Profiling Python
DataKit Python profiling supports dd-trace-py and py-spy.
Requirements¶
Install DataKit and enable profile input.
Use dd-trace-py¶
- Install dd-trace-py library
Info
DataKit is now compatible with dd-trace-py 1.14.x and below, higher versions are not tested.
- Profiling by attaching into the target process
DD_PROFILING_ENABLED=true \
DD_ENV=dev \
DD_SERVICE=my-web-app \
DD_VERSION=1.0.3 \
DD_TRACE_AGENT_URL=http://127.0.0.1:9529 \
ddtrace-run python app.py
- Profiling by writing code
import time
import ddtrace
from ddtrace.profiling import Profiler
ddtrace.tracer.configure(
https=False,
hostname="localhost",
port="9529",
)
prof = Profiler()
prof.start(True, True)
# your code here ...
# while True:
# time.sleep(1)
There is no need to add ddtrace-run command
View Profile¶
After a minute or two, you can visualize your profiles on the APM -> Profile .
Use py-spy¶
py-spyis a non-invasive Python performance metric sampling tool provided by the open source community,
which has the advantages of running independently and having low impact on target program load By default, py-spy will output sampling data in different formats to a local file based on the specified parameters. To simplify the integration of py-spy and DataKit, center provides a branch version py-spy-for-datakit, with little modifications made to the original version, supporting automatic profiling send data to DataKit.
- Installation
pip install is recommend way.
Below is Linux x86_64 platform as an example (other platforms is similar), let's introduce the installation steps of the pre compiled version:
# after download binary
# use pip to install
pip3 install --force-reinstall --no-index --find-links . py-spy-for-datakit
# confirm successful installation
py-spy-for-datakit help
if your machine has rust and cargo installed, you can use cargo to install it.
- Usage
py-spy-for-datakit has added the datakit command to the original subcommand of py-spy, specifically used to send sampling data to DataKit. You can type py-spy-for-datakit help datakit for usage help:
| Option | describe | default |
|---|---|---|
| -H, --host | DataKit listening host | 127.0.0.1 |
| -P, --port | DataKit listening port | 9529 |
| -S, --service | Your service name | unnamed-service |
| -E, --env | Your app deploy environment | unnamed-env |
| -V, --version | Your app version | unnamed-version |
| -p, --pid | Target process PID | You must set this option or command |
| -d, --duration | Profiling duration | 60 |
| -r, --rate | Profiling rate | 100 |
| -s, --subprocesses | Whether profiling sub process | false |
| -i, --idle | Whether profiling inactive thread | false |
py-spy-for-datakit can analyze the currently running program by using the --pid <PID> or -p <PID> parameters to pass the process PID of the running Python program to py-spy-for-datakit.
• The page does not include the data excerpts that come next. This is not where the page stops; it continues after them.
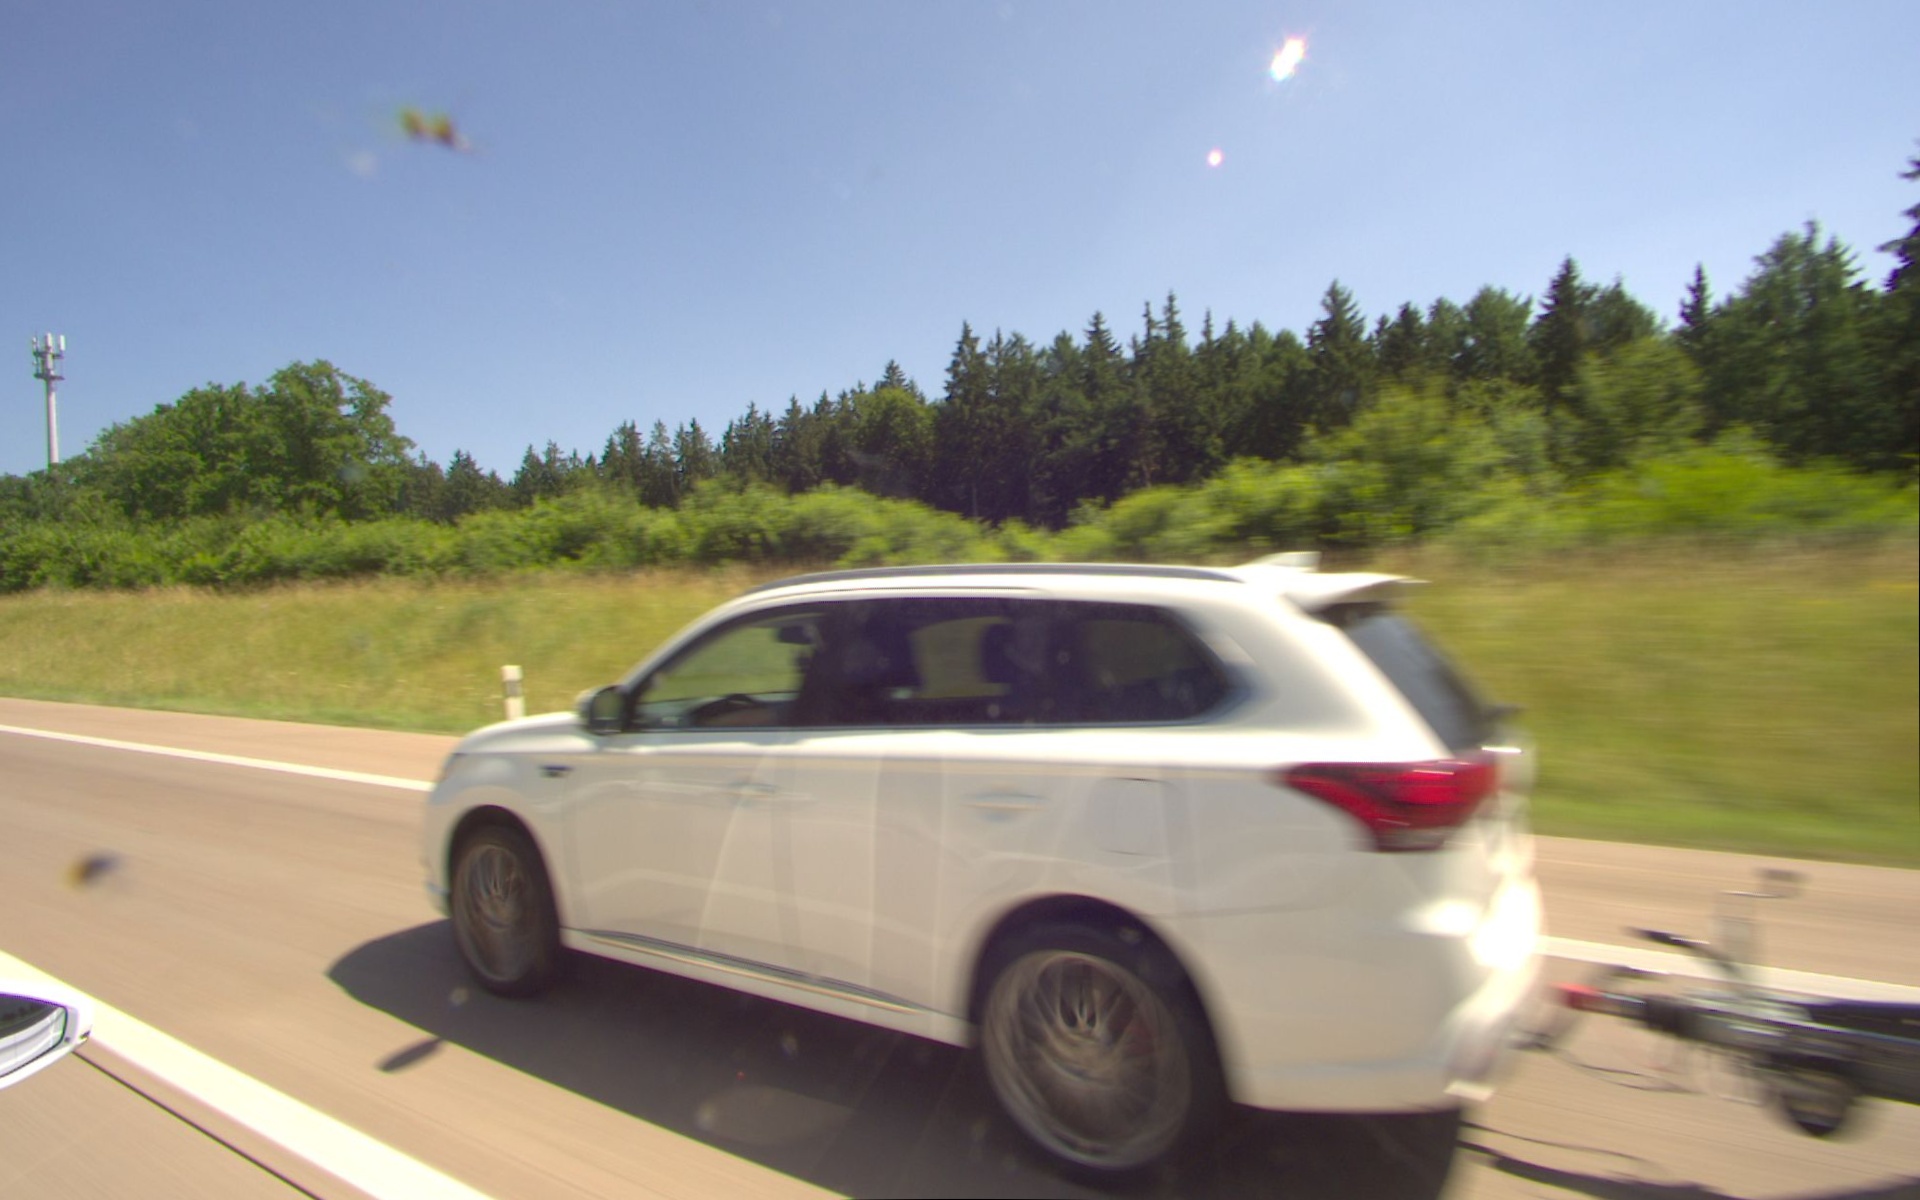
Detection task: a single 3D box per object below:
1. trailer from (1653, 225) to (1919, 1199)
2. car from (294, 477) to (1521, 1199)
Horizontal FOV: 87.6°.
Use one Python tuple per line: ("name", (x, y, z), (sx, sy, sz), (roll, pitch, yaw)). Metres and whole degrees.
("trailer", (3.619, 0.409, 1.662), (3.958, 2.192, 1.655), (0, -1, 32))
("car", (-0.586, 0.691, 4.277), (5.113, 1.750, 1.887), (-1, -1, 33))

Imaging your target process PID is 12345, and DataKit is listening at 127.0.0.1:9529:
py-spy-for-datakit datakit \
--host 127.0.0.1 \
--port 9529 \
--service <your-service-name> \
--env testing \
--version v0.1 \
--duration 60 \
--pid 12345
If needed, please add sudo prefix.
py-spy-for-datakit also supports direct startup commands with Python projects, so there is no need to specify a process PID. At the same time, data sampling will be performed when the program starts, and the running commands are similar:
py-spy-for-datakit datakit \
--host 127.0.0.1 \
--port 9529 \
--service your-service-name \
--env testing \
--version v0.1 \
-d 60 \
-- python3 server.py # There is a blank in front of python3
After a minute or two, you can visualize your profiles on the profile.